Cuando varios policías aparecieron en la entrada, lo primero que vieron fue una fila de personas en traje, todos con una presencia imponente. Parecían claramente guardaespaldas privados contratados por alguien importante.
—¿Quiénes son ustedes? ¡Este es el cuartel de policía! ¡Aquí no se permite hacer escándalo!
Incluso el comisario, alarmado por el alboroto, salió al frente tras abrirse paso entre sus subordinados.
En ese momento, un Lincoln negro y alargado se detuvo de golpe frente al edificio. De la puerta descendieron unos zapatos de charol impecables y el dobladillo de un pantalón de traje perfectamente planchado.
—¿Usted es el encargado de este lugar?
El hombre que se paró frente a él, ya con algunas canas en el cabello, irradiaba una autoridad tan fuerte que bastaba una mirada para que cualquiera sintiera un escalofrío en la espalda. Su sola presencia imponía respeto absoluto.
El comisario sintió que el corazón le latía con fuerza. No recordaba haber visto a ese hombre antes, y alguien con ese porte era imposible de olvidar. Además, él estaba al tanto de las conexiones entre la policía y la élite de los Olivetto, pero jamás había visto a este nuevo personaje. Y por lo que se notaba, no era alguien común y corriente... ¿No sería acaso de los Olivetto?
—¿Y usted es...? —preguntó el comisario, con voz tensa, intentando no perder la compostura ante sus subordinados.
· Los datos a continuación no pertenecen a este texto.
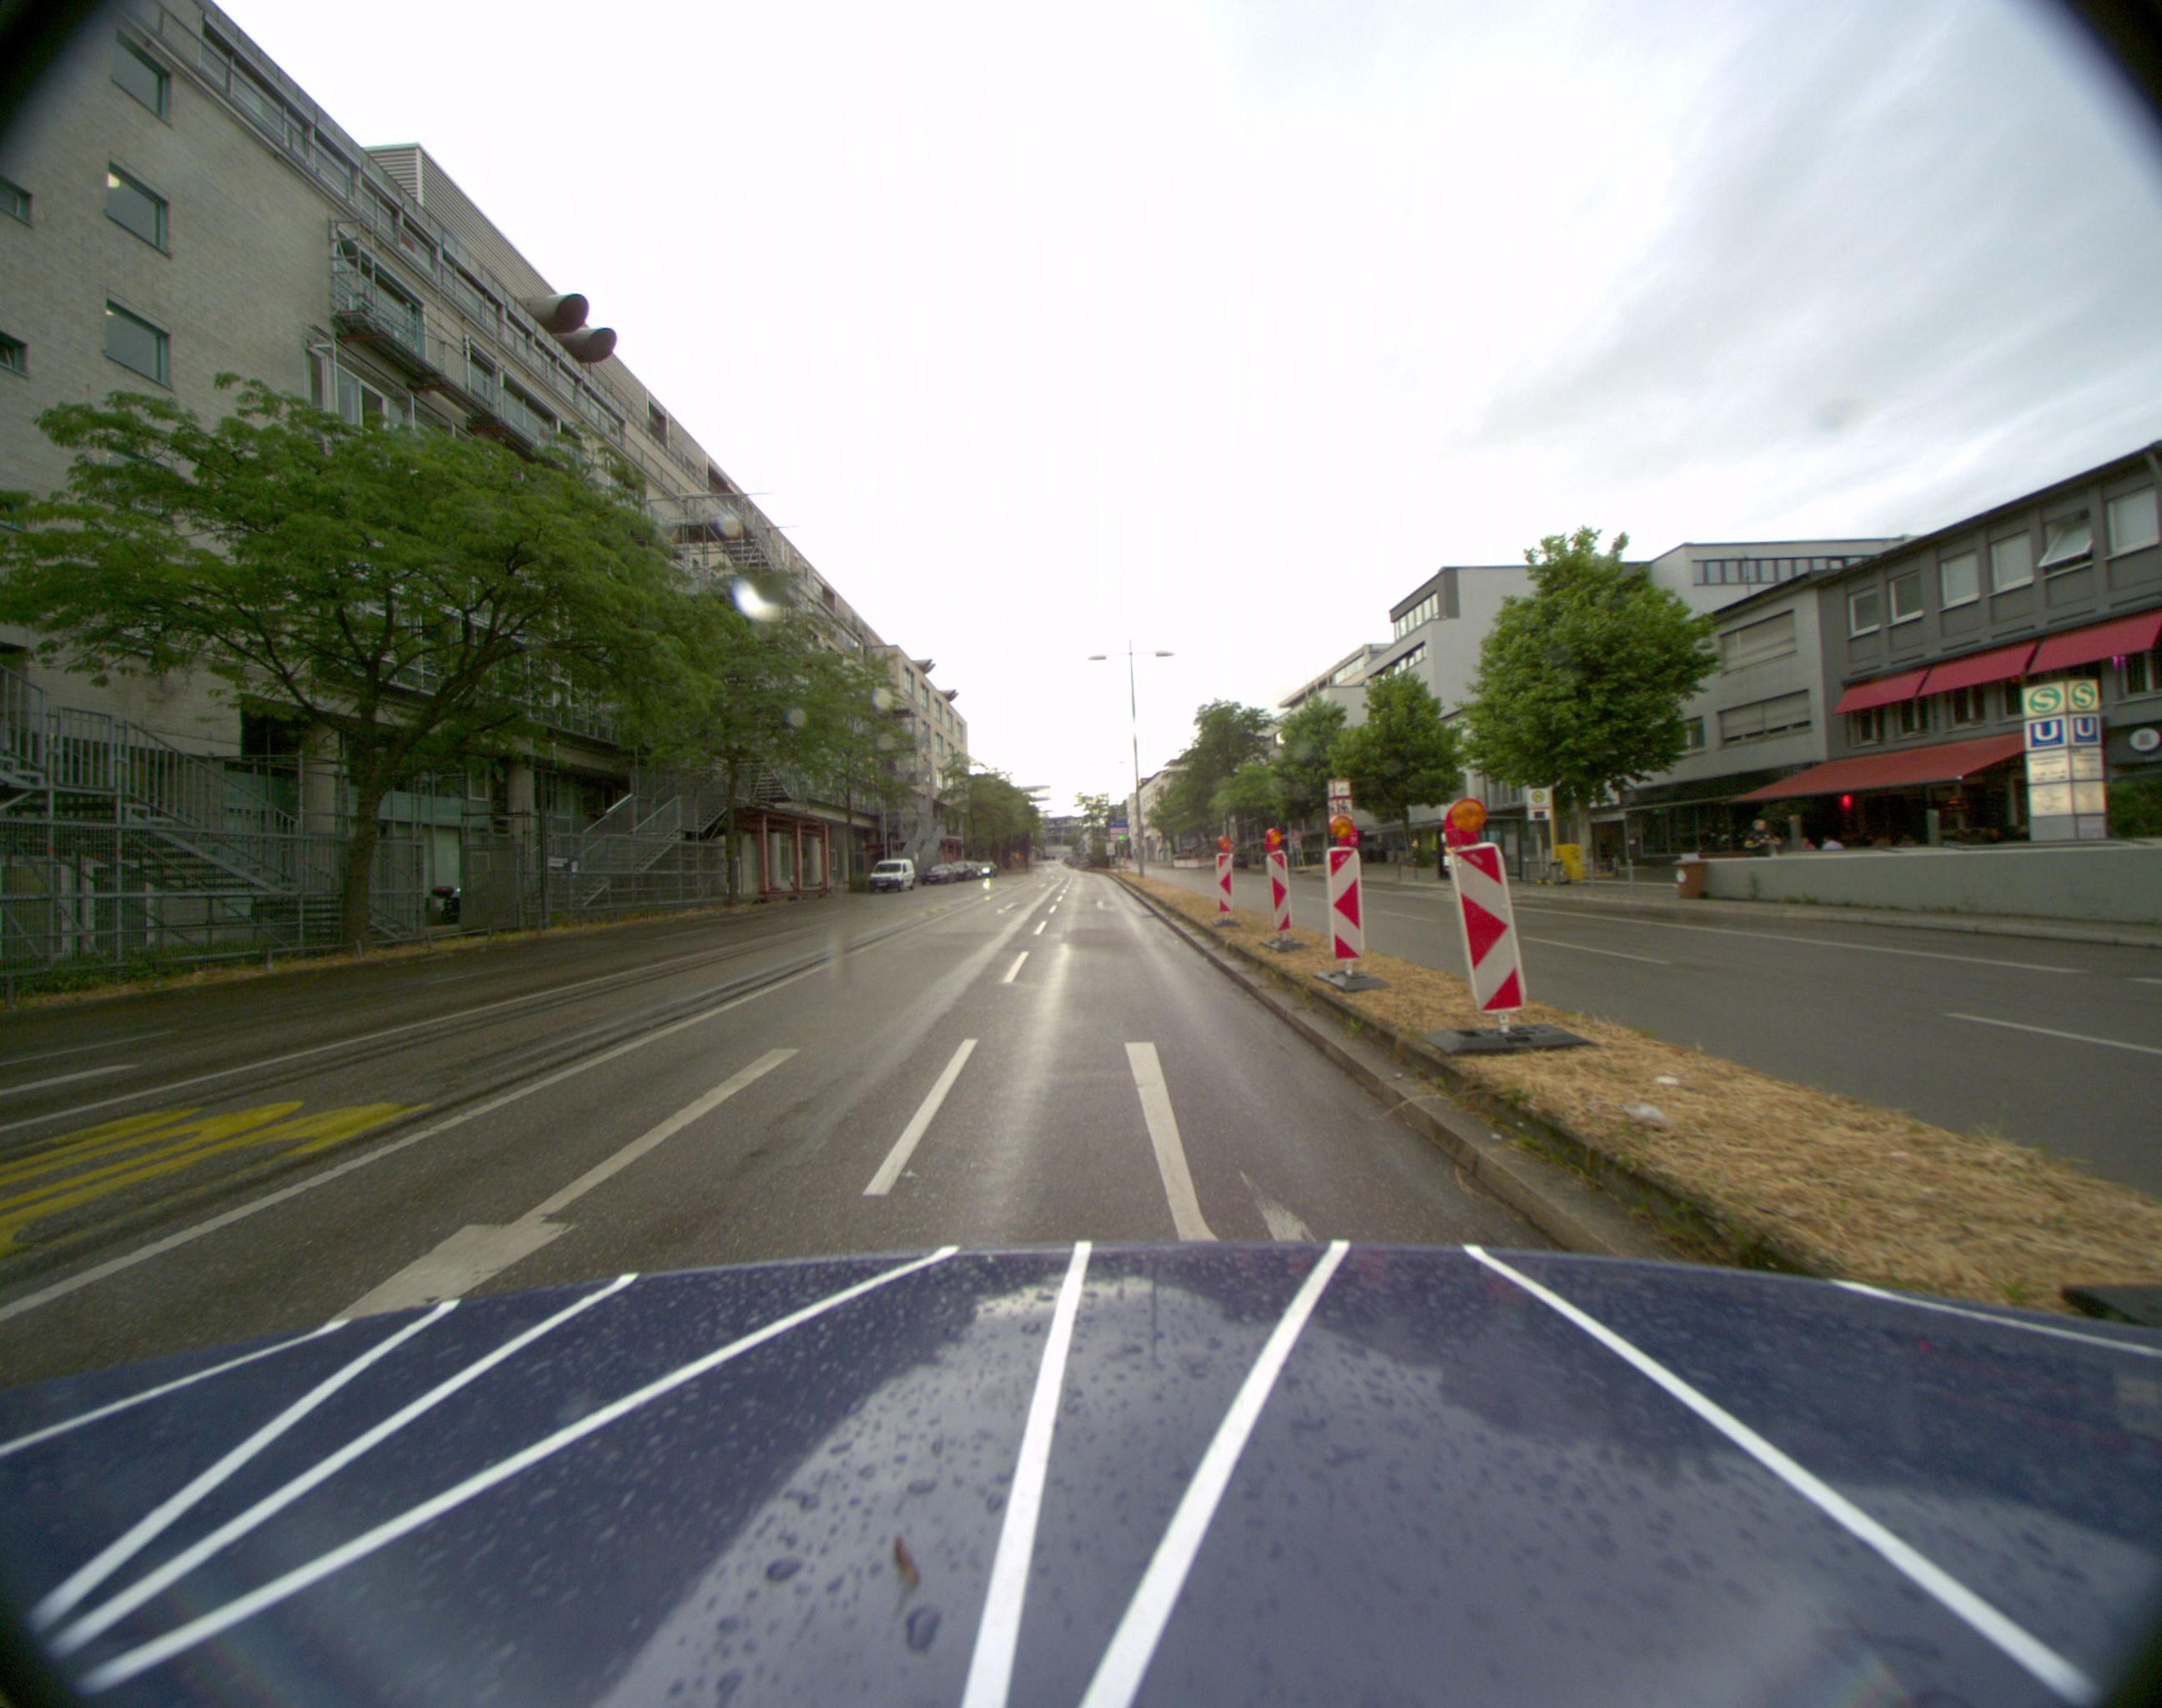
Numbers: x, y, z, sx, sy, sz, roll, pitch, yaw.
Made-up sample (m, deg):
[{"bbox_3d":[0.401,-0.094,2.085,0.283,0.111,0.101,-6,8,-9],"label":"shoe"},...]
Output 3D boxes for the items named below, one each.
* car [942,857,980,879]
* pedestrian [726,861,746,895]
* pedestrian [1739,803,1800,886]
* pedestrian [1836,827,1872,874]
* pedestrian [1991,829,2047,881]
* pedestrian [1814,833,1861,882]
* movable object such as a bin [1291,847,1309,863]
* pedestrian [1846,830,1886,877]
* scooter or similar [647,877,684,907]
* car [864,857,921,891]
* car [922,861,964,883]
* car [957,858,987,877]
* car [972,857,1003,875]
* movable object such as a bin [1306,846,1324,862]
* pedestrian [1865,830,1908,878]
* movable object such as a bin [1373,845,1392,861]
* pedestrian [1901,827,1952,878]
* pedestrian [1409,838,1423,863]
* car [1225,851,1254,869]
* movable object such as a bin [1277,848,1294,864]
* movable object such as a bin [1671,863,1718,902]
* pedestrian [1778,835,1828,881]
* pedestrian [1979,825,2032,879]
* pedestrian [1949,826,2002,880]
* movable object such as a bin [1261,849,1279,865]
[{"bbox_3d":[-9.580,1.122,60.979,1.998,1.636,4.863,-2,0,3],"label":"car"},{"bbox_3d":[-18.046,1.228,39.744,0.677,1.732,0.653,-1,1,3],"label":"pedestrian"},{"bbox_3d":[16.058,-0.208,17.736,0.691,1.874,0.758,-2,0,-4],"label":"pedestrian"},{"bbox_3d":[26.124,-0.104,25.695,0.598,1.561,0.604,-2,1,-9],"label":"pedestrian"},{"bbox_3d":[24.921,0.015,20.191,0.635,1.336,0.691,-2,0,-6],"label":"pedestrian"},{"bbox_3d":[23.184,0.111,23.296,0.691,1.442,0.707,-2,0,-4],"label":"pedestrian"},{"bbox_3d":[20.321,0.102,70.563,1.281,1.418,1.088,-2,0,1],"label":"movable object such as a bin"},{"bbox_3d":[24.908,-0.005,24.117,0.691,1.442,0.547,-2,0,-4],"label":"pedestrian"},{"bbox_3d":[-17.176,1.549,31.471,0.633,1.155,1.547,-2,0,1],"label":"scooter or similar"},{"bbox_3d":[-10.444,1.084,42.440,1.998,1.739,4.527,-2,0,1],"label":"car"},{"bbox_3d":[-9.770,1.261,54.186,1.873,1.429,4.922,-2,0,3],"label":"car"},{"bbox_3d":[-9.434,1.149,66.354,1.866,1.591,4.593,-2,0,1],"label":"car"},{"bbox_3d":[-8.840,1.151,72.273,1.998,1.591,5.291,-2,0,4],"label":"car"},{"bbox_3d":[21.715,-0.013,70.554,1.281,1.479,1.088,-2,0,1],"label":"movable object such as a bin"},{"bbox_3d":[24.877,-0.003,23.474,0.691,1.442,0.583,-2,0,-2],"label":"pedestrian"},{"bbox_3d":[27.254,-0.070,68.654,1.088,1.427,1.281,-2,0,-9],"label":"movable object such as a bin"},{"bbox_3d":[24.950,-0.041,22.428,0.728,1.442,0.691,-2,0,-6],"label":"pedestrian"},{"bbox_3d":[24.071,-0.227,54.618,0.698,1.753,0.653,-1,1,3],"label":"pedestrian"},{"bbox_3d":[15.411,0.591,74.114,1.783,1.626,4.024,-2,-1,-2],"label":"car"},{"bbox_3d":[18.969,0.224,70.537,1.281,1.418,1.088,-2,0,1],"label":"movable object such as a bin"},{"bbox_3d":[14.519,0.664,17.984,0.533,0.892,0.682,0,0,-9],"label":"movable object such as a bin"},{"bbox_3d":[23.112,0.130,24.330,0.691,1.442,0.914,-2,0,-3],"label":"pedestrian"},{"bbox_3d":[25.677,-0.058,21.111,0.635,1.442,0.691,-2,0,-6],"label":"pedestrian"},{"bbox_3d":[24.776,-0.034,21.051,0.635,1.442,0.691,-2,0,-6],"label":"pedestrian"},{"bbox_3d":[17.529,0.260,70.536,1.362,1.418,1.088,-2,0,1],"label":"movable object such as a bin"}]

Después de todo, llevaba el título de comisario y debía ser el ejemplo a seguir.
—San Javier, de la familia Ardila.
...
Hospital de Especialidades Los Álamos.
—Liberaron a Olivia, alguien la sacó bajo fianza del cuartel.
Maite López entró bruscamente a la habitación, con el ceño fruncido.
Sofía, que estaba pasando el dedo por la pantalla del celular, se detuvo de inmediato.
—Ya me lo imaginaba.
Dejó el teléfono a un lado y entrecerró los ojos, pensando.
—Seguro la familia Ardila ya movió sus hilos, ¿no?
—Exactamente —respondió Maite, asintiendo con gravedad—. Aunque la vez pasada, cuando Esther Robles la dejó tan mal, Olivia ni siquiera se tragó el orgullo. Ahora, con la familia Ardila de su lado, seguro va a andar más creída que nunca. Si no ha renunciado a sus malos planes...
Maite se quedó callada, dudando si decir lo que pensaba.
Un silencio incómodo llenó la habitación.
—Entonces la vuelvo a poner en su lugar.
De repente, Esther, que había estado acostada en el sofá y nadie se había dado cuenta de que ya estaba despierta, se reincorporó y sacudió los puños con fiereza.
Maite no evitó torcer la boca, pero caminó hacia ella y le dio una palmada en el hombro.
—Esther, no todo en la vida se arregla a golpes.
—¿Usted es la señorita Esther? Vengo a visitar a la señorita Sofía.
La duda se reflejó en el rostro de Esther.
Ella conocía a todos los allegados de Sofía, pero nunca había visto a este tipo. ¿Quién era?
Aun así, sin dejar de observarlo con desconfianza, se hizo a un lado para dejarlo pasar.
—Sofía, te buscan.
El hombre entró con modales impecables, y en cuanto vio a Sofía acostada en la cama, su mirada titubeó un instante.
Sofía lo miró fijamente, entrecerrando los ojos, totalmente desconcertada.
—¿Quién es usted?
Ni Esther ni Sofía lo reconocían, pero él, en cuanto vio a Esther, la identificó al instante. Decía venir a buscar a Sofía, pero ella tampoco le encontraba sentido a su presencia.
Además, ese rostro... había algo en sus facciones que le resultaba un tanto familiar.
—¿De los Ardila?
La voz de Sofía sonó grave y cargada de desconfianza, dejando claro que estaba alerta.